It's a tumultuous world out there, something Portland,
punk band Arctic Flowers know all too well. On their third album, Straight to
the Hunter, they are taking time to address the issues that have plagued them. Many
outlets not traditionally interested in music of the sort that Arctic Flowers
make have taken notice of the LP, but that’s a just reward for a band nearly
ten years into their career. Perhaps the most high profile recognition for
Straight to the Hunter came from NPR, who gave the Portland quartet a (justly)
glowing review, prompting me to wonder how many bands that have self-released
their albums, as Arctic Flowers have done with this new LP, get such an honour.
I think my favourite review from among those just discovering Arctic Flowers is
one that stated, “They remind me of a young AFI.”

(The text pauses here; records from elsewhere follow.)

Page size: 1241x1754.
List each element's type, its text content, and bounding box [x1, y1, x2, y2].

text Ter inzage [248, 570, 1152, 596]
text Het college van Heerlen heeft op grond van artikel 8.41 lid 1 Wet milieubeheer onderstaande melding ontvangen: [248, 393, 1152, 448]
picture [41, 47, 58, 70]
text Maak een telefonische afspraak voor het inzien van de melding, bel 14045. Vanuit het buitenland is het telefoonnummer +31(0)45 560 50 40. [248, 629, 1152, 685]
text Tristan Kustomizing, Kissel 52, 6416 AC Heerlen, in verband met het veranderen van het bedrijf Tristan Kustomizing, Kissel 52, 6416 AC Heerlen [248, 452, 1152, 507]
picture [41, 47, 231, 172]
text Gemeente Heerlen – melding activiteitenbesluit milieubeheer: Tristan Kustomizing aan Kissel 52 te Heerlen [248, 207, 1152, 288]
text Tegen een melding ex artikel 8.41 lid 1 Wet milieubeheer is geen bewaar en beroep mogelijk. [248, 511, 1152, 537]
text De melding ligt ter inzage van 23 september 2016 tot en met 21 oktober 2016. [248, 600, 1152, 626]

And that’s a comparison with which I heartily disagree,
of course. Although Arctic Flowers have accumulated genre tags like
“deathrock,” “gothic rock,” “postpunk,” and other such along the path of their
nearly ten year career, it’s probably best to go into listening to Straight to
the Hunter without these ideas in mind—that is, without any of the
preconceptions that are nowadays loaded into those genre tags. No, Straight to
the Hunter is hewed from older stone, from a solid chunk of good old fashioned
early 80s peace-punk, from a time when “postpunk” still referred to music that
had come directly out of the punk scene (and hence was called postpunk); when
it meant largely guitar-driven bands like early Joy Division (or, more aptly,
Warsaw), Killing Joke, Siouxsie and the Banshees, and bands that would comprise
the early goth-punk milieu, part of which was also counterintuitively called
“positive punk” by some music writers in the early 1980s.

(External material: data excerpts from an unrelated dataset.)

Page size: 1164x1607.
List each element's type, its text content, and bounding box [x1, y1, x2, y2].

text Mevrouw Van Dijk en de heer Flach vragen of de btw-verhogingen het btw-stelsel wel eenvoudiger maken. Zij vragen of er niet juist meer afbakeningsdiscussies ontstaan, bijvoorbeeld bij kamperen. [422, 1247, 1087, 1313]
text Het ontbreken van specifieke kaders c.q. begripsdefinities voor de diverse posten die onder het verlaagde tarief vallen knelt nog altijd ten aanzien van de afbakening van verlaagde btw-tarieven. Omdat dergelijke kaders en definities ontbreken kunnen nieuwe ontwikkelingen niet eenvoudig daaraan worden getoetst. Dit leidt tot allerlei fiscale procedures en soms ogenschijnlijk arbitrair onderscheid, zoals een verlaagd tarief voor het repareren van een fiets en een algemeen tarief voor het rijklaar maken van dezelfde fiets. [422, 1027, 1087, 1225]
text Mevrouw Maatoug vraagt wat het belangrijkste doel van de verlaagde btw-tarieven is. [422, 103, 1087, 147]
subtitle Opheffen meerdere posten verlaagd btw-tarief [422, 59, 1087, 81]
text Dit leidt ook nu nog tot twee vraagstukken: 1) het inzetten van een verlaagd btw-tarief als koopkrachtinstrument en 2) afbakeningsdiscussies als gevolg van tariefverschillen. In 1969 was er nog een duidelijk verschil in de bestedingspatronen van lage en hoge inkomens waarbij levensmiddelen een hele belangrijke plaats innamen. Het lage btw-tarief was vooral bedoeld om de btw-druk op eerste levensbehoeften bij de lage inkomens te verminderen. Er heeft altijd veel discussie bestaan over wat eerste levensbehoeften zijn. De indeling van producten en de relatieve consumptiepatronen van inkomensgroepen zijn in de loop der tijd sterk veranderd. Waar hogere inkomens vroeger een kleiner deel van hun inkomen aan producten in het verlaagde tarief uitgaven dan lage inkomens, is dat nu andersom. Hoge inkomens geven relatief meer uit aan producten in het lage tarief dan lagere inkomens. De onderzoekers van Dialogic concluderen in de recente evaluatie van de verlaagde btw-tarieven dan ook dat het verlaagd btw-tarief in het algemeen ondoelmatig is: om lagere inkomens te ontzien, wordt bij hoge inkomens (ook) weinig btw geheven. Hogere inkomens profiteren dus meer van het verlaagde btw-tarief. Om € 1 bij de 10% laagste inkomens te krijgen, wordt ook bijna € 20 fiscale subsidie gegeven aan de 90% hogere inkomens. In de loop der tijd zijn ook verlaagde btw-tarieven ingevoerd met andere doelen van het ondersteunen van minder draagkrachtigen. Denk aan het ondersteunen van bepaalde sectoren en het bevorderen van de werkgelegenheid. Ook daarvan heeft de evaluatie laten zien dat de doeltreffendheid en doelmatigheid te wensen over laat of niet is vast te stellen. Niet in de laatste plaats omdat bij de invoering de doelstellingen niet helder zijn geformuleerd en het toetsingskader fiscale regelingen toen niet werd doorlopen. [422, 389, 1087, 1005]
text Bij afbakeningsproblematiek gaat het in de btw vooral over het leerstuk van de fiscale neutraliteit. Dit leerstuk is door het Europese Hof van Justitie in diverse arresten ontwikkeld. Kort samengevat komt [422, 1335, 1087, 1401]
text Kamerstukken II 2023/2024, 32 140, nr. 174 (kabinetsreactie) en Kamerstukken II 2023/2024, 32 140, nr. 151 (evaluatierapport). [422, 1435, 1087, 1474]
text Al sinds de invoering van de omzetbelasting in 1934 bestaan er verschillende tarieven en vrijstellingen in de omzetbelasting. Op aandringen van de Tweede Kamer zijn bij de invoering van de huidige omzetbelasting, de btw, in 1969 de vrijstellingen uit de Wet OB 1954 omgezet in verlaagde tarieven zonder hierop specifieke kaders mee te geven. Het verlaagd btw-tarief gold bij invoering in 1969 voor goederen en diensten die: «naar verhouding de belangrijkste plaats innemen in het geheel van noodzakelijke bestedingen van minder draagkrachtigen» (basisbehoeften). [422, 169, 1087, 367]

In the past, guitarist and founder Stan Wright
described their music this way: “Our sound is a mix of punk, deathrock, post
punk, and Goth; aggressive but at times danceable and melodic.” And that’s
still an apt way to describe the band, especially on this album. From the
opening, muscular guitar licks on “Hallow Water”, it’s clear the band is
operating at the height of their power. Bassist Lee is absolutely on fire on
the second song, “Glass On Ice,” which serves as the effective title track for
the LP. Stan Wright can play intricate postpunk lines that weave in and out of
Alex’s vocals, but at a moment’s notice these are traded out for blunt power-chord
riffs that bolster the driving force of each track. Every morsel of Straight to
the Hunter’s 11-songs is packed with moody, raw power. One of the highlights of
the LP is “Dreamer,” a cover of the 1981 song of the same name by midwest
hardcore punk band Toxic Reasons. It’s a song that is an impassioned plea for
hope in a world that seems intent on crushing it. And that’s the desperate
spirit that propels the music of Arctic Flowers; hope for peace, and peace of
mind, in a world slowly decaying.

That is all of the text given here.